台湾企画記事
2004年10月10日記

92年会談基礎に両岸対話を 台湾総統
双十節祝賀大会で重大演説行う
超党派の平和発展委新設へ
中台相互軍事規制も提案
 清朝中国を崩壊に導いた辛亥革命(一九一一)九十三周年を祝う双十節の十日、台湾の陳水扁総統は台北市内の総統府前で国慶記念祝賀大会の祝辞を述べ、一九九二年十月に両岸(中台)当局者が香港で会談して「一つの中国」について各自解釈することで原則合意した「九二年香港会談」を基礎として両岸対話の回復を推進、両岸(中台)軍事相互規制の具体策を提示し、野党各党を含めた両岸平和発展委員会を新設して対中対話のコンセンサス作りを超党派的に打ち出すことを明らかにした。

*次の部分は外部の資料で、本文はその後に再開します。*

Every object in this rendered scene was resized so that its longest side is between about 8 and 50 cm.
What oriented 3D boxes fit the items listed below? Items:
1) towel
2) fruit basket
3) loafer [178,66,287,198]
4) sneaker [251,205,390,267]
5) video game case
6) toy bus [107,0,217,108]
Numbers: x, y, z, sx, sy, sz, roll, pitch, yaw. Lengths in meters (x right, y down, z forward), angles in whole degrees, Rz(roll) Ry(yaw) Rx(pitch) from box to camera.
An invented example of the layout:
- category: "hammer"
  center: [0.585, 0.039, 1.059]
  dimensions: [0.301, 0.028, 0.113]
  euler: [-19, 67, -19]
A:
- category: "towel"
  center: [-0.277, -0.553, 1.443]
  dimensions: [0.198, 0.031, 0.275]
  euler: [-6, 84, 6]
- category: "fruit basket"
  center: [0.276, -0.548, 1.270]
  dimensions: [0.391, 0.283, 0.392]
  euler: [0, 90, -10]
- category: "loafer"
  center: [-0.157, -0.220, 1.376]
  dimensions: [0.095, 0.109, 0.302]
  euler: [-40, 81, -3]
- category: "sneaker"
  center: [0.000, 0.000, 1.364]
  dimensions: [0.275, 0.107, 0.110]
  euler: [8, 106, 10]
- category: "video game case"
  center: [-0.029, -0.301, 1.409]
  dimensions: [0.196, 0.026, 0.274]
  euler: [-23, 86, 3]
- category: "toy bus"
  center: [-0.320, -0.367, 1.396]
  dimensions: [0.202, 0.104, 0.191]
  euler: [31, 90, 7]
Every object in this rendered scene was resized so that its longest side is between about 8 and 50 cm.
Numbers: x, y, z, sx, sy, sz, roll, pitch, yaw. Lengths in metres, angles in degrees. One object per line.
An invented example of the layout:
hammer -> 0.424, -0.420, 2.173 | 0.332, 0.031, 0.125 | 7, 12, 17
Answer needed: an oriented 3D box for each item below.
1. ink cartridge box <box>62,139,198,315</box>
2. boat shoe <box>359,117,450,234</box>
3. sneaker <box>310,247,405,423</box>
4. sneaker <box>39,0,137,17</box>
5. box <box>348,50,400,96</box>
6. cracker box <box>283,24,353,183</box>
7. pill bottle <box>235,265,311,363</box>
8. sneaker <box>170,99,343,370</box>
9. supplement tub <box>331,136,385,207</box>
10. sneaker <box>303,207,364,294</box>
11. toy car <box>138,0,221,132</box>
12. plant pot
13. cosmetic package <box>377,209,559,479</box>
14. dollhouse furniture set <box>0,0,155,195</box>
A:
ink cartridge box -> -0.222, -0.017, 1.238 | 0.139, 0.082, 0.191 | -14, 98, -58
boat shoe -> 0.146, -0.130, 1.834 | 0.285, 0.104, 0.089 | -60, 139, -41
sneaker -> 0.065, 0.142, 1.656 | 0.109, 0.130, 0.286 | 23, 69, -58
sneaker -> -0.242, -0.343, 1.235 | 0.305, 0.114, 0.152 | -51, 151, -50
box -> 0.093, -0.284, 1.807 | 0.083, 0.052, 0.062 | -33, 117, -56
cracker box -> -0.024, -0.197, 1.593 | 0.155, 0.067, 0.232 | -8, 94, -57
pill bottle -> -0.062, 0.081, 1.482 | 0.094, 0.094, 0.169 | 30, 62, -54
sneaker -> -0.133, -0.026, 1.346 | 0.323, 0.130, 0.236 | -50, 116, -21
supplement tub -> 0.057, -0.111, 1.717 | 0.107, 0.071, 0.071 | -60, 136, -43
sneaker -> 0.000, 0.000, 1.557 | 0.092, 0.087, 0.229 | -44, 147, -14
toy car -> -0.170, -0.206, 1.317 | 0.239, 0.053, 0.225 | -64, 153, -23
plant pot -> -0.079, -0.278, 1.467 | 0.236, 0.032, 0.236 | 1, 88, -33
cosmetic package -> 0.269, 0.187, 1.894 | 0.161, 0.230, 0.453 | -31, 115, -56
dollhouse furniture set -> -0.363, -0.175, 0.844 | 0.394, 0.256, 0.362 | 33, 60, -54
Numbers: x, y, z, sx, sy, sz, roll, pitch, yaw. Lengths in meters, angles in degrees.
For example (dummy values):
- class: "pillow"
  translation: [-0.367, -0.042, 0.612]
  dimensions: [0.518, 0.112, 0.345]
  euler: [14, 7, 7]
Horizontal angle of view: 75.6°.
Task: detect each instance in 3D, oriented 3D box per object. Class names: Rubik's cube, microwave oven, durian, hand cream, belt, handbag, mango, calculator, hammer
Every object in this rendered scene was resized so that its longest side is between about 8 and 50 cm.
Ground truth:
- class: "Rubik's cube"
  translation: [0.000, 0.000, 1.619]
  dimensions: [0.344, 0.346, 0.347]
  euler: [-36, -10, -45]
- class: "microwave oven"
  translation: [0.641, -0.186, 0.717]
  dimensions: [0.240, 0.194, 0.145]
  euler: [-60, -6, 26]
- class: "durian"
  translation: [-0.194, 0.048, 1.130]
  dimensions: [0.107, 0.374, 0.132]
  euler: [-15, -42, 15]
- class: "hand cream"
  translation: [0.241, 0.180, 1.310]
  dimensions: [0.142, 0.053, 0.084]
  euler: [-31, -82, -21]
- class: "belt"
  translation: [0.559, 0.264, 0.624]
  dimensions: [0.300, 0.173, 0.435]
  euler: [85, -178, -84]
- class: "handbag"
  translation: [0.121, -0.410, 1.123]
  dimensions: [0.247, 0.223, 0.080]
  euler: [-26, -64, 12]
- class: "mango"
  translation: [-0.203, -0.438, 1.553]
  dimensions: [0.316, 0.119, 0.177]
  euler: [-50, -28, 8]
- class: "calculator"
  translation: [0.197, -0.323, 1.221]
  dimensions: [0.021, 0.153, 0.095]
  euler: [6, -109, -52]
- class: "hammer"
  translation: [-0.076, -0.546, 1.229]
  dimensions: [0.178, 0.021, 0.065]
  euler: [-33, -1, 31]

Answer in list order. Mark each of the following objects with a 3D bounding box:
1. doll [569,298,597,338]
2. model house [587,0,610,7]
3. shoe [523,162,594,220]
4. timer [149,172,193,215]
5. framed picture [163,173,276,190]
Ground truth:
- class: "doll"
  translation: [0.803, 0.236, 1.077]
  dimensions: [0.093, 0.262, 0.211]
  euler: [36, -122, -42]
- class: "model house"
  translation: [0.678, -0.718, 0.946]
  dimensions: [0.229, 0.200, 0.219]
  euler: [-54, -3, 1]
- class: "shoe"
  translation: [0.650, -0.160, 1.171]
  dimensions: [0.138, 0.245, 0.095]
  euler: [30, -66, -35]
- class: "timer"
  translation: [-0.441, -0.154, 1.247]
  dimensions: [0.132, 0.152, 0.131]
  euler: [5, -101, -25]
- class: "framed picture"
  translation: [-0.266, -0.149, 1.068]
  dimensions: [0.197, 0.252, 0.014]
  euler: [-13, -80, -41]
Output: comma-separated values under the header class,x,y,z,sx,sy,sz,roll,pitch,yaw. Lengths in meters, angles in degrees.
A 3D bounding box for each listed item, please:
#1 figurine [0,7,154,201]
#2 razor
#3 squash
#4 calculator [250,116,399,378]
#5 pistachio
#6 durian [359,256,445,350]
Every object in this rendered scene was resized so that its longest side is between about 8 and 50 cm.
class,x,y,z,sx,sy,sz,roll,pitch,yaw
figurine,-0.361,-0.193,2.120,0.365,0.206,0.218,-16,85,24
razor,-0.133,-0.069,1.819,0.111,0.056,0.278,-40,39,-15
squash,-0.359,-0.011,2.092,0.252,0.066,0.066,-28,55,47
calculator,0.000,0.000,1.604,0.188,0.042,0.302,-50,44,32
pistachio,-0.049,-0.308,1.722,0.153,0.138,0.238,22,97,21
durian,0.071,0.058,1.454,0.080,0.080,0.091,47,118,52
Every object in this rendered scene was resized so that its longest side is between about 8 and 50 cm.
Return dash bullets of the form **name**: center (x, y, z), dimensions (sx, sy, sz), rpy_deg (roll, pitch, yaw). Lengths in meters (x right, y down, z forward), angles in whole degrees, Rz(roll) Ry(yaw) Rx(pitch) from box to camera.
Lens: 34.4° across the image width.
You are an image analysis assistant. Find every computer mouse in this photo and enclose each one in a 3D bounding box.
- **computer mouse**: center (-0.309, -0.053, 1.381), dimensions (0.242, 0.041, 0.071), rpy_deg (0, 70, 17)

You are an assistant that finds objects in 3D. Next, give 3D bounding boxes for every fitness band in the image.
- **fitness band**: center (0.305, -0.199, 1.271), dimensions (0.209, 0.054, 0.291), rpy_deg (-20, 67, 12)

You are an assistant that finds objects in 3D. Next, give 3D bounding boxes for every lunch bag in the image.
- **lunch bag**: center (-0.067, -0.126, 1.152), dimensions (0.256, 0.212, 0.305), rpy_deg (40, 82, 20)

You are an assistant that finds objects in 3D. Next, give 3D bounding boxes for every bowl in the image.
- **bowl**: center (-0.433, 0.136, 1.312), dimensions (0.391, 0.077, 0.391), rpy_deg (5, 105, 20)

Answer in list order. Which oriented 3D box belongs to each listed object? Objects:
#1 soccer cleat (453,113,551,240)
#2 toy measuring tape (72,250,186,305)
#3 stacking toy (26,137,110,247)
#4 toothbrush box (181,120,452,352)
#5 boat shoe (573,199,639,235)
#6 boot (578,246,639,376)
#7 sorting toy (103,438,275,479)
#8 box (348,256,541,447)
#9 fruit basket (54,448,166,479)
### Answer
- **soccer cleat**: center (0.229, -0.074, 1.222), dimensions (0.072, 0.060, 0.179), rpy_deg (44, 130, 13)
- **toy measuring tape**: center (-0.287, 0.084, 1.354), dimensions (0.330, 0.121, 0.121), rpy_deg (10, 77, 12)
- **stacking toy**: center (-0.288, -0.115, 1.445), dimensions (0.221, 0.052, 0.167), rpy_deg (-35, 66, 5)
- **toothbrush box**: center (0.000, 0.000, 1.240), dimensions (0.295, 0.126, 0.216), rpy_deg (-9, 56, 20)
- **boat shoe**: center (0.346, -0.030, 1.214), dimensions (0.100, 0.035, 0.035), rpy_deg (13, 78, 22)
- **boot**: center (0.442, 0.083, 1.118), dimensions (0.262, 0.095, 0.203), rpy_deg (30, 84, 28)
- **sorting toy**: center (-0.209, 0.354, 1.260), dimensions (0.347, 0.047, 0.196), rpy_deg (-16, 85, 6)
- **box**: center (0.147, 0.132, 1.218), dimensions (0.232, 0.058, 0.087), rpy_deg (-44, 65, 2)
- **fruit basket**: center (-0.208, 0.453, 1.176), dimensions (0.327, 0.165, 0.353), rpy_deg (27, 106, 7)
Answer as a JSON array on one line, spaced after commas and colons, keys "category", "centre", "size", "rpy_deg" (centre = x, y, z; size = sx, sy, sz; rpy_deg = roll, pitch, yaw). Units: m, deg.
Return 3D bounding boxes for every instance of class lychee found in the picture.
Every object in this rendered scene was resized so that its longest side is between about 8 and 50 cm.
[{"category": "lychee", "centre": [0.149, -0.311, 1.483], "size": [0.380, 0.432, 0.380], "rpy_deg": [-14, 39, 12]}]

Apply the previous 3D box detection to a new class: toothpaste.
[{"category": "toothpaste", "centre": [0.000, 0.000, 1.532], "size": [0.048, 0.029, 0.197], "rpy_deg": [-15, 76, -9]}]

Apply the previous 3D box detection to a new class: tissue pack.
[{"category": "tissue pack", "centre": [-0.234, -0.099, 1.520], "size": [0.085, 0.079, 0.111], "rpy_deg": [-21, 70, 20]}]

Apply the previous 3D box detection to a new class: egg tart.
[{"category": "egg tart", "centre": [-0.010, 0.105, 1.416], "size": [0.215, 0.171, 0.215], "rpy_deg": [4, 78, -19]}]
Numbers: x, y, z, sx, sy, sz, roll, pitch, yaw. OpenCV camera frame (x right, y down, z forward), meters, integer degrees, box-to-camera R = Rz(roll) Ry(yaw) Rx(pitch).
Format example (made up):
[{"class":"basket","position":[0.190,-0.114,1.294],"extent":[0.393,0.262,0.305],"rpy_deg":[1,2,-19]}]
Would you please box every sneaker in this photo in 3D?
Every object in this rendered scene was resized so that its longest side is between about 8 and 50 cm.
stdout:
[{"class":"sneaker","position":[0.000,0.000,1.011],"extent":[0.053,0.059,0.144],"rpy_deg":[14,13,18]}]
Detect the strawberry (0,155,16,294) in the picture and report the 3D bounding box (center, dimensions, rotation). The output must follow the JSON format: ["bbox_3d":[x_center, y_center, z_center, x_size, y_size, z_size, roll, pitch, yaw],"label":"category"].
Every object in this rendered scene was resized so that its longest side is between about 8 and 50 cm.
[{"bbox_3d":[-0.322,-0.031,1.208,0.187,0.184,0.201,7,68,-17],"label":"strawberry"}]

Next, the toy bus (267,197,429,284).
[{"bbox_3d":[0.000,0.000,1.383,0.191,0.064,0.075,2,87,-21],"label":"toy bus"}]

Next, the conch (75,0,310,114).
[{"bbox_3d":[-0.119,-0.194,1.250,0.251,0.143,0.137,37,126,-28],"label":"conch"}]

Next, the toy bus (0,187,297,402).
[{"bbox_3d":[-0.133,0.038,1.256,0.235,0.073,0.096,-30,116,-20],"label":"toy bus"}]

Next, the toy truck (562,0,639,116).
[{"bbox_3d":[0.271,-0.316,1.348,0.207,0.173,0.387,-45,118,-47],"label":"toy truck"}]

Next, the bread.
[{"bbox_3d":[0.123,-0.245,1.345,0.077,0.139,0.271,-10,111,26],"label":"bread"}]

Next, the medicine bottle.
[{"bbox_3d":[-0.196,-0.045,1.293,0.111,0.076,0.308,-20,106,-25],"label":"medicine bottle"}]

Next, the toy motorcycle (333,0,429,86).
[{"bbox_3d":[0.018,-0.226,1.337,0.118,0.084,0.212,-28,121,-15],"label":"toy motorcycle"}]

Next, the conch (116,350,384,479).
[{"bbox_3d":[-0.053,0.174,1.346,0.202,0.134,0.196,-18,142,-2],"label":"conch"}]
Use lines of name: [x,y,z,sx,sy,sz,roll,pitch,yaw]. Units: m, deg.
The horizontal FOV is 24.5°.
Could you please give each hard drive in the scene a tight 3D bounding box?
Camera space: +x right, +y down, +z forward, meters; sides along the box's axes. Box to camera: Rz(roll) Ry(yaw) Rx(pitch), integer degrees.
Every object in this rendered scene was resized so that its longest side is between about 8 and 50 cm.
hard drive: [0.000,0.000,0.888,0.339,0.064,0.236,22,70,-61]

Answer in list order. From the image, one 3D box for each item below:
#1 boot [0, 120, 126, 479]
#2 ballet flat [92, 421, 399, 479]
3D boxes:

 陳総統は「とても小さな台湾が国際舞台で実力をつけるには国家発展上の停滞は許されない。中華民国が台湾であり、台湾が中華民国であることはだれも否定できない」と述べた上で、政権二期目に入っても対話もなく冷え切ったままの両岸関係の改善を強調。

 陳総統は中台対話の基礎を「九二年香港会談」と具体的に初めて明示し、同会談内容が「完全無欠な内容ではないが受け入れ可能」として「一つの中国」に対するぎりぎりの妥協点との立場を初表明。その基礎の上で懸念される両岸の軍事増強による戦争勃発脅威の高まりを相互武力規制策の新提案を通して抑制しようと呼びかけた。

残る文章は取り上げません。